母が病院のベッドで息を引き取った時、俺は8歳だった。それまで必死に働いてくれていた母は、風邪だと言い続けて病院に行かず、気づいた時にはもう手遅れだった。葬式の後、施設に連れて行かれる車の中で、俺は姉の顔だけを思い浮かべていた。4歳の時に離婚で引き離された、泣きながら俺の名前を叫んで手を伸ばしていた姉の姿を。
施設での生活は決して楽ではなかったが、同じ境遇の仲間たちと支え合ってどうにか生きてきた。高校3年生になった時、18歳で施設を出なければならない決まりを知り、必死で進路を考えた。なんとか大学に進学し、奨学金とバイトで食いつなぎ、周りの誰よりも努力した。そして29歳になった今、俺は一流企業で働いている。誰も想像しなかっただろう。施設育ちの子供が、ここまで来るなんて。
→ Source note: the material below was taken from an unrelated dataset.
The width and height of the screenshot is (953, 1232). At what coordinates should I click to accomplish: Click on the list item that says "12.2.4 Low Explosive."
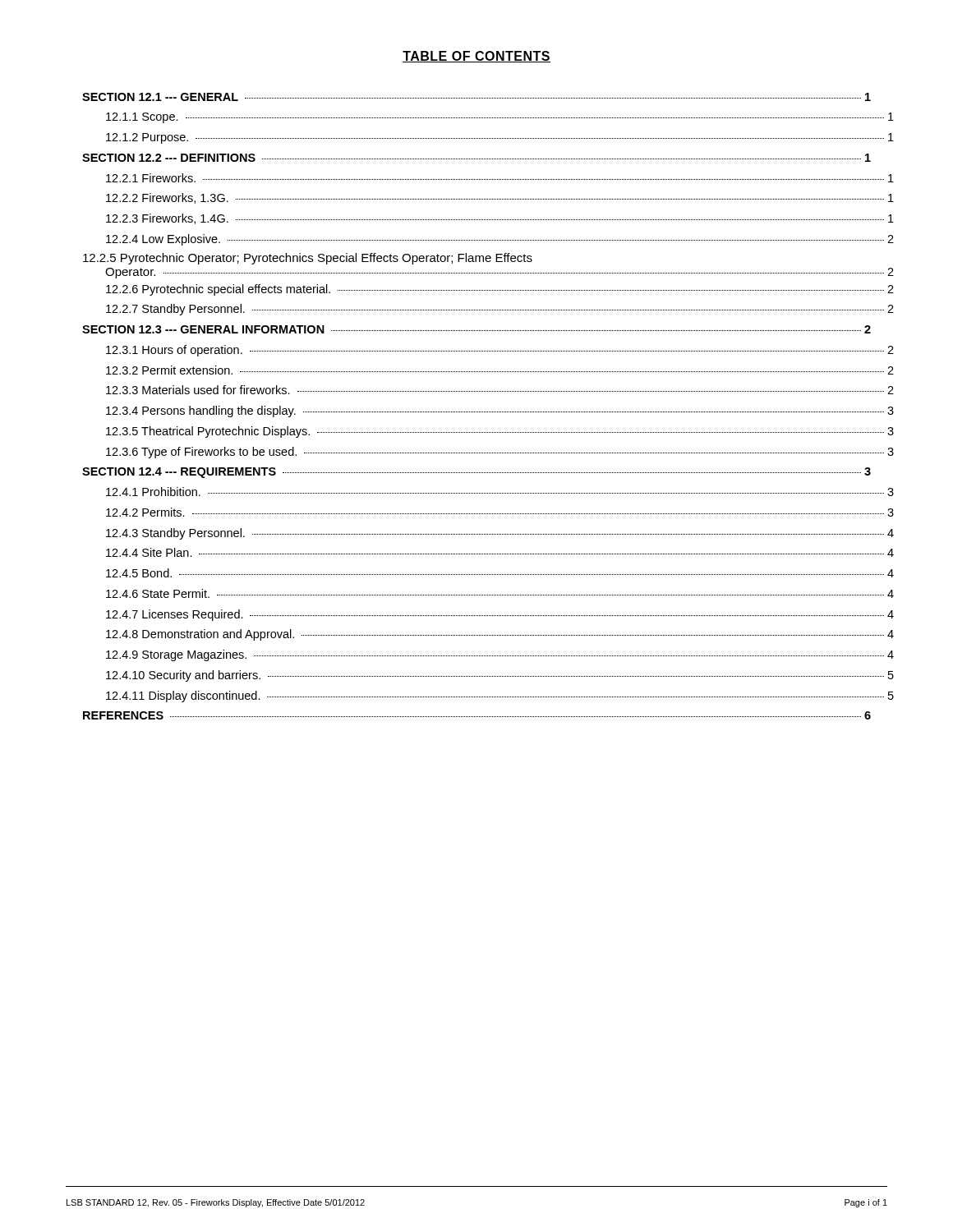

入社して3年目の春、新しいプロジェクトのチームが発表された。会議室に集められた面々を見渡した時、俺の目は一瞬で一人の女性に釘付けになった。静香。姉の名前と同じだ。それだけなら偶然だろう。しかし、彼女の顔を見た時、俺の心臓は止まるかと思った。母のアルバムの中で見た、幼い頃の姉の面影がそのまま大人になったような顔だった。まさか。そんなはずはない。俺は自分に言い聞かせた。しかし、彼女が名乗った名前を聞いて、確信に変わった。彼女は「カンタ?」と、俺の名前を呼んだのだ。それは、ただの同姓同名では済まされない、何かの運命を感じさせる瞬間だった。再会した姉は、俺が誰か気づいていたのだろうか。それとも、偶然同じ名前だっただけなのだろうか。だが、彼女の目に浮かんだ驚きと、その後に続く言葉は、俺の人生を大きく変えることになる。
「カンタ…本当に、カンタなの?」
その声は、24年前に聞いた姉の声と、どこか重なっていた。俺はただ、立ち尽くすことしかできなかった。